O tratamento envolve a redução da produção de anticorpos contra os glóbulos vermelhos. Geralmente a primeira medicação usada nesta situação são os corticosteroides, medicações que atuam diminuindo a atividade do sistema imune, reduzindo, portanto, a produção dos anticorpos que estão destruindo os glóbulos vermelhos. Para os pacientes que não respondem muito bem a este tratamento, existem outras opções, como a retirada cirúrgica do baço.

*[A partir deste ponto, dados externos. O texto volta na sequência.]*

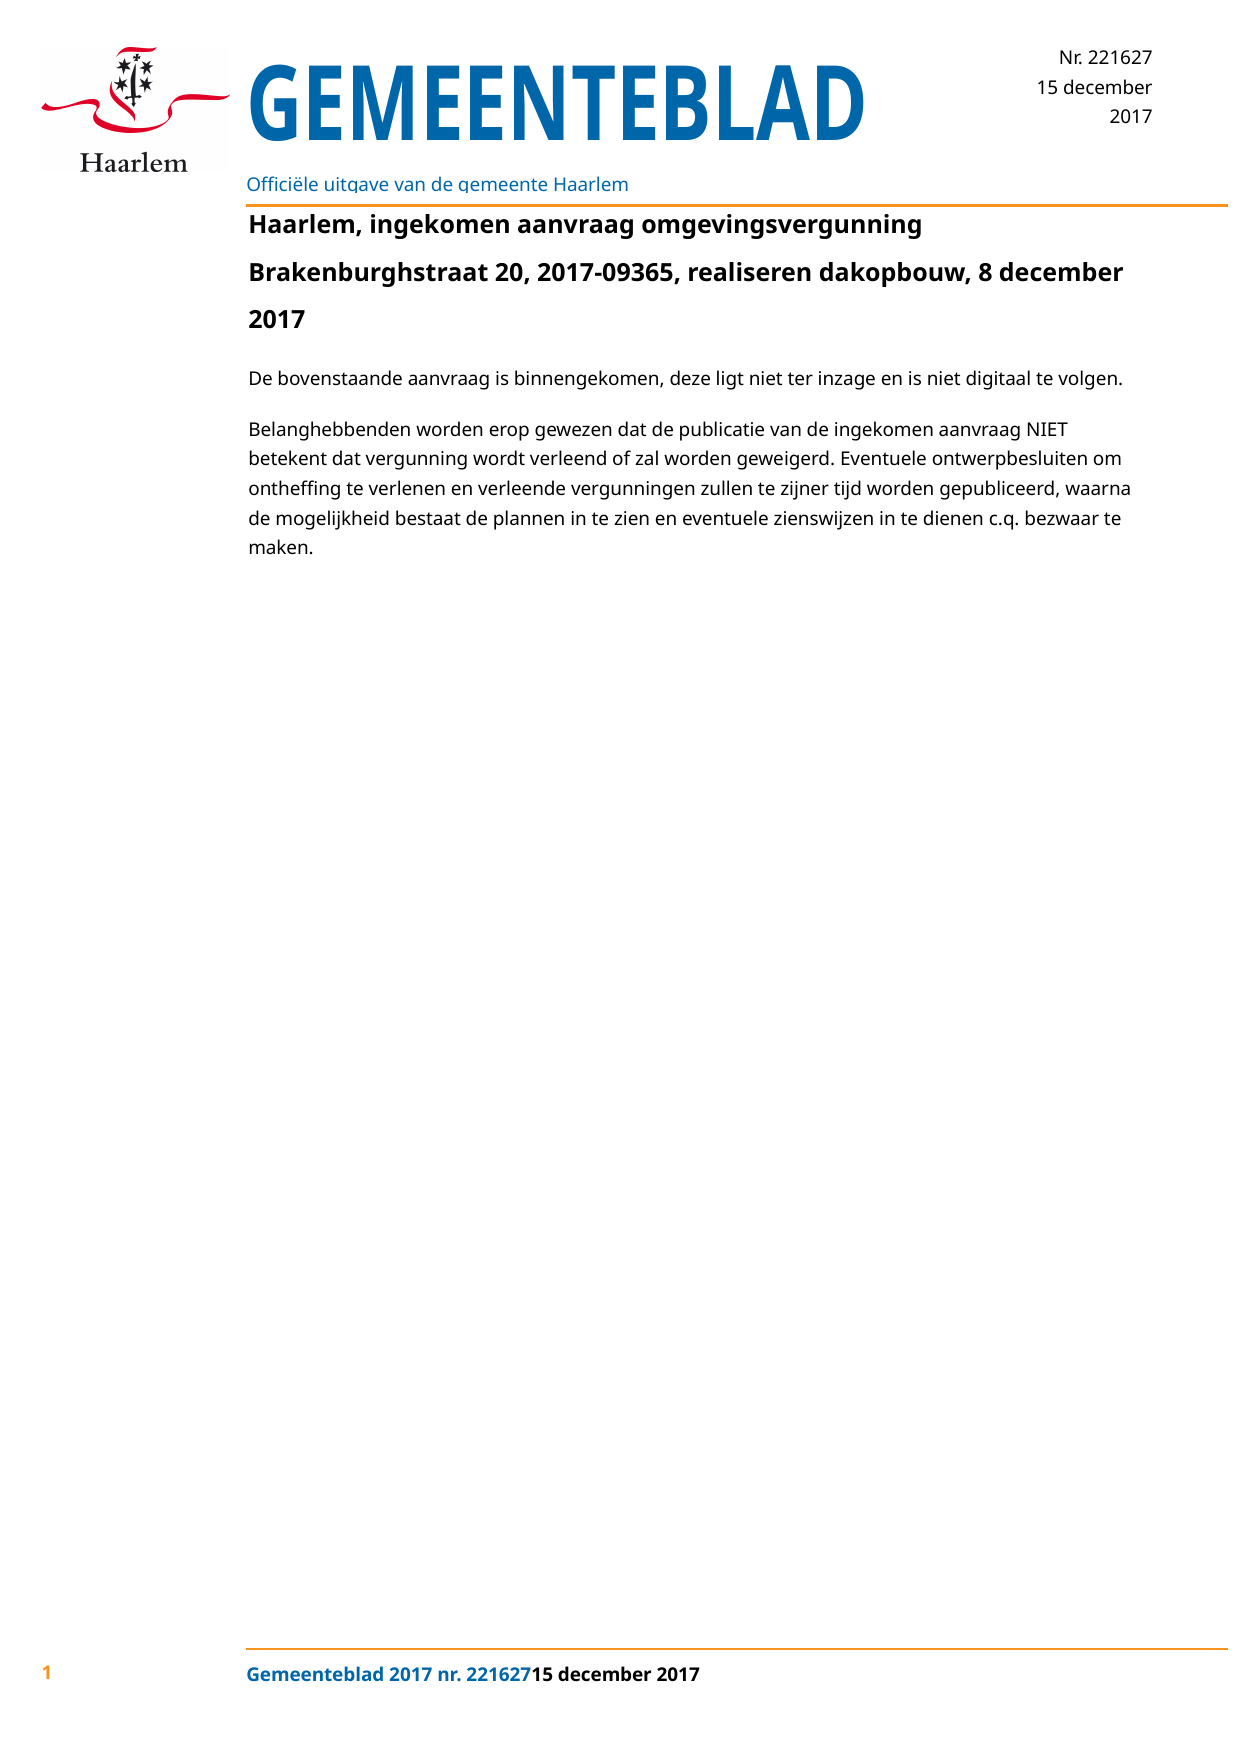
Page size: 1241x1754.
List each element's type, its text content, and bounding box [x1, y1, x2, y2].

text Belanghebbenden worden erop gewezen dat de publicatie van de ingekomen aanvraag NIET betekent dat vergunning wordt verleend of zal worden geweigerd. Eventuele ontwerpbesluiten om ontheffing te verlenen en verleende vergunningen zullen te zijner tijd worden gepubliceerd, waarna de mogelijkheid bestaat de plannen in te zien en eventuele zienswijzen in te dienen c.q. bezwaar te maken. [248, 416, 1152, 560]
text De bovenstaande aanvraag is binnengekomen, deze ligt niet ter inzage en is niet digitaal te volgen. [248, 366, 1152, 391]
picture [41, 47, 231, 172]
text Haarlem, ingekomen aanvraag omgevingsvergunning Brakenburghstraat 20, 2017-09365, realiseren dakopbouw, 8 december 2017 [248, 207, 1152, 336]
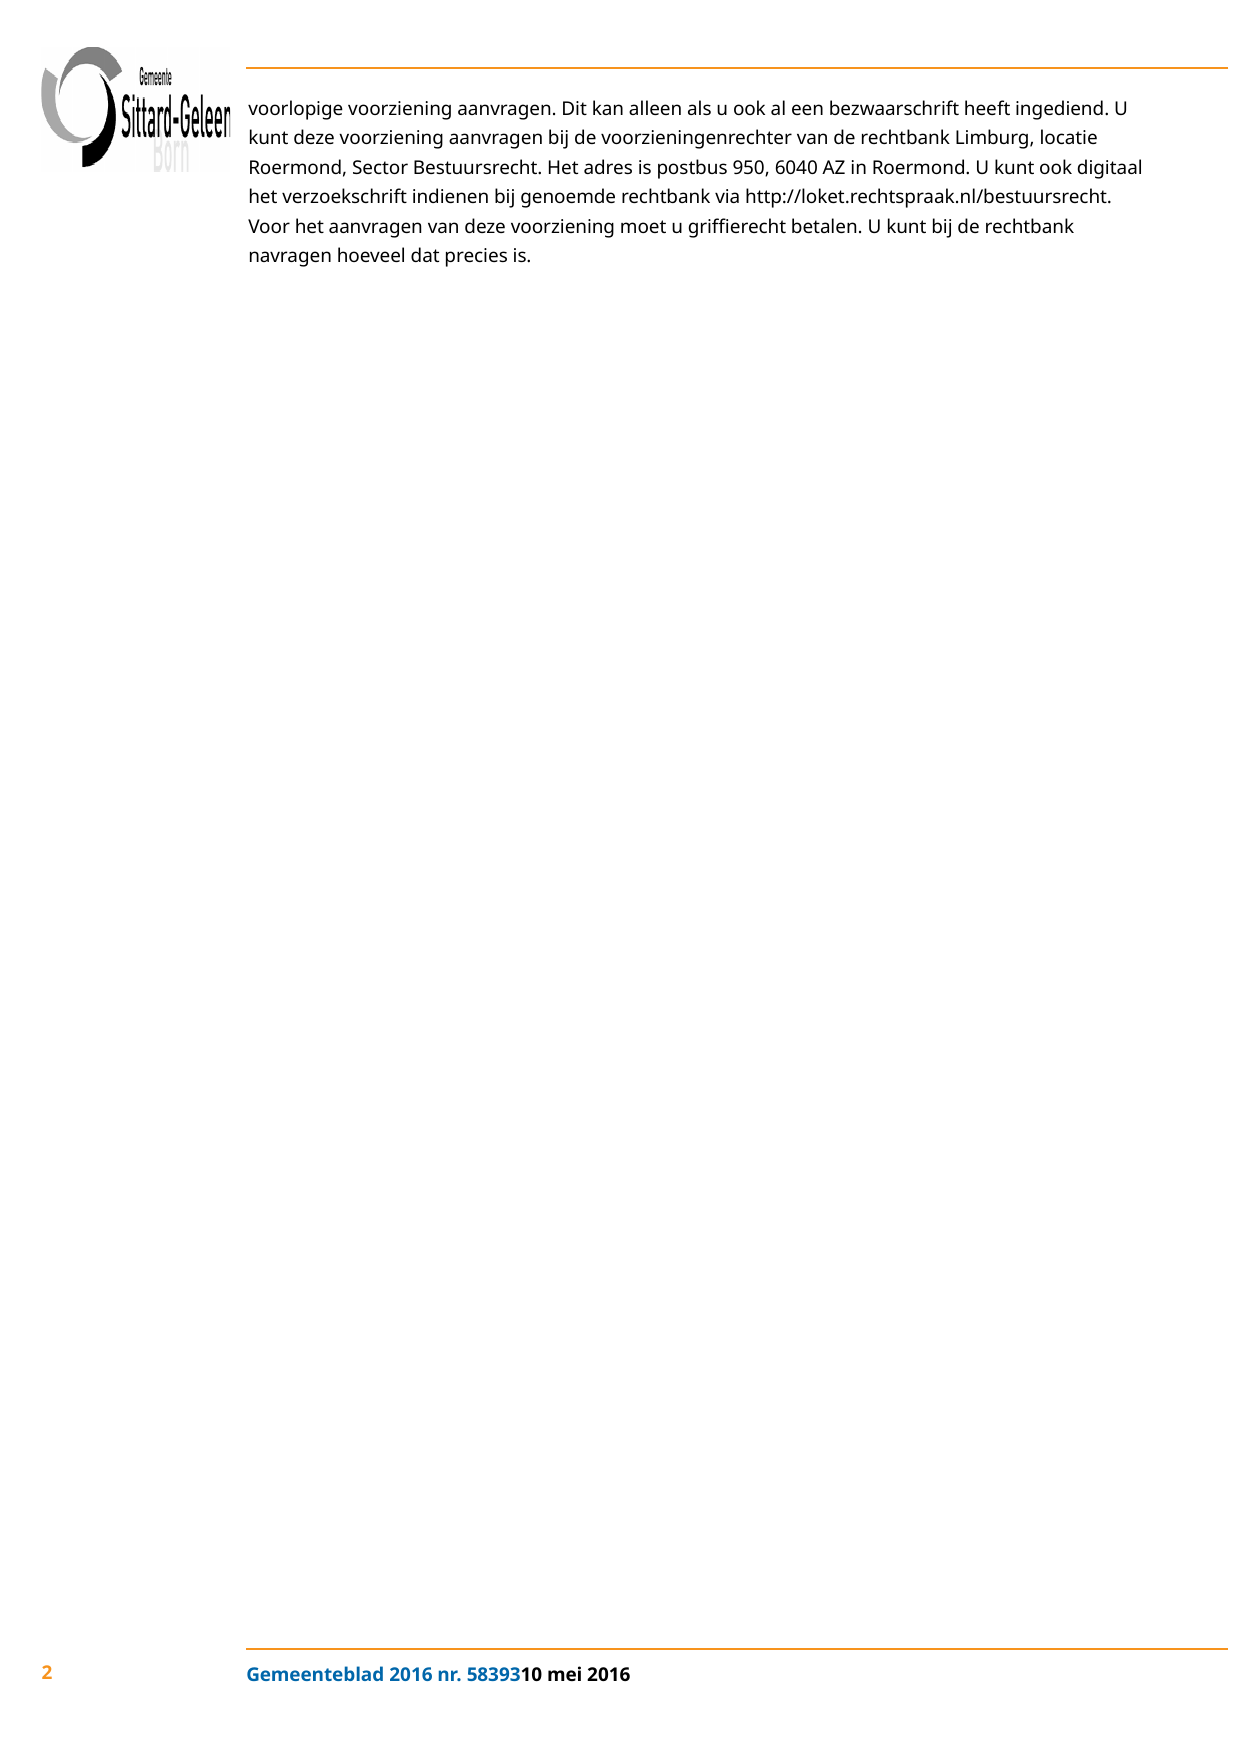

Anemias hemolíticas microangiopáticas

As anemias hemolíticas microangiopáticas são um grupo de doenças em que a destruição dos glóbulos vermelhos ocorre por fatores da circulação que levam a um fluxo turbilhonado do sangue nos vasos. Nessas doenças também ocorre a destruição das plaquetas. Formas de hipertensão arterial muito grave, como a hipertensão arterial maligna e as doenças hipertensivas da gestação, como pré-eclâmpsia, eclampsia e HELLP são causas desse tipo de anemia. Outros fatores, como próteses de valva cardíaca e outras próteses vasculares usadas para o tratamento de aneurismas de aorta também podem provocar esse tipo de anemia. Alguns medicamentos, principalmente os quimioterápicos e alguns imunossupressores utilizados em transplantes de órgãos e tecidos também podem provocar esse tipo de anemia.

A doença mais famosa deste grupo, porém, é a púrpura trombocitopênica trombótica. Esta doença resulta da destruição, pelo sistema imune, de uma proteína chamada ADAMTS13, responsável por impedir a formação de coágulos por uma outra proteína o fator de von Willebrand. O resultado é a formação de coágulos na circulação que turbilhonam o fluxo sanguíneo, produzindo a destruição dos glóbulos vermelhos. Também ocorre a queda na contagem de plaquetas, tanto por destruição tanto por consumo na formação desses coágulos.

Esta doença costuma ser muito grave, de evolução rápida, geralmente sendo diagnosticada em hospitais. Seu tratamento envolve a realização da plasmaférese, um procedimento análogo à hemodiálise, em que os anticorpos contra a proteína ADAMTS13 são removidos.